:: Data provided

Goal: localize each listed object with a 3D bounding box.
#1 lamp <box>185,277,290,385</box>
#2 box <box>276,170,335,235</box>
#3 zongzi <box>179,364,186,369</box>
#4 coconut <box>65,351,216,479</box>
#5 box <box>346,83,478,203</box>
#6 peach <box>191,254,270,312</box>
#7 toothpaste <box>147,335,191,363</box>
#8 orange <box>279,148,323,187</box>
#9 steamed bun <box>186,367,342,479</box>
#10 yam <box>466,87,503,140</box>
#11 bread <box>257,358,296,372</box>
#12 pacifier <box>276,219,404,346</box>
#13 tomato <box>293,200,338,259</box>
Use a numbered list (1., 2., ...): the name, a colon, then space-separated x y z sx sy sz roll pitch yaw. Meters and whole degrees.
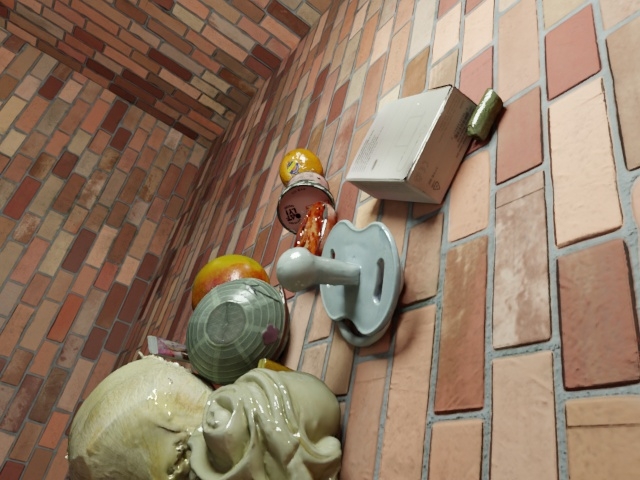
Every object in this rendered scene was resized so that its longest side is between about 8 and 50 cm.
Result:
1. lamp: -0.188 0.210 1.148 0.233 0.233 0.266 -5 62 61
2. box: -0.036 -0.107 1.293 0.151 0.151 0.135 -49 20 25
3. zongzi: -0.564 0.493 1.551 0.228 0.256 0.115 -51 58 12
4. coconut: -0.353 0.446 1.061 0.360 0.346 0.347 24 85 57
5. box: 0.182 -0.190 1.003 0.203 0.106 0.251 -64 26 -5
6. peach: -0.244 0.150 1.345 0.231 0.230 0.231 -44 29 33
7. toothpaste: -0.307 0.299 1.228 0.061 0.265 0.096 -63 25 1
8. orange: -0.057 -0.204 1.460 0.135 0.117 0.136 -5 77 21
9. steamed bun: -0.122 0.366 0.821 0.324 0.219 0.310 -52 15 15
10. yam: 0.302 -0.230 0.889 0.094 0.043 0.043 -60 24 -2
11. bread: -0.094 0.304 1.016 0.035 0.094 0.090 -30 39 46
12. pacifier: 0.023 0.072 0.899 0.287 0.225 0.239 -162 82 -66
13. tomato: 0.005 -0.006 1.175 0.166 0.082 0.174 -8 61 65

::::

Work request:
Pictures aside, print exactly the lines above starting with the one containing "#11 bread <box>257,358,296,372</box>" and going on through the one containing "Every object in".

Written answer:
#11 bread <box>257,358,296,372</box>
#12 pacifier <box>276,219,404,346</box>
#13 tomato <box>293,200,338,259</box>
Use a numbered list (1., 2., ...): the name, a colon, then space-separated x y z sx sy sz roll pitch yaw. Meters and whole degrees.
Every object in this rendered scene was resized so that its longest side is between about 8 and 50 cm.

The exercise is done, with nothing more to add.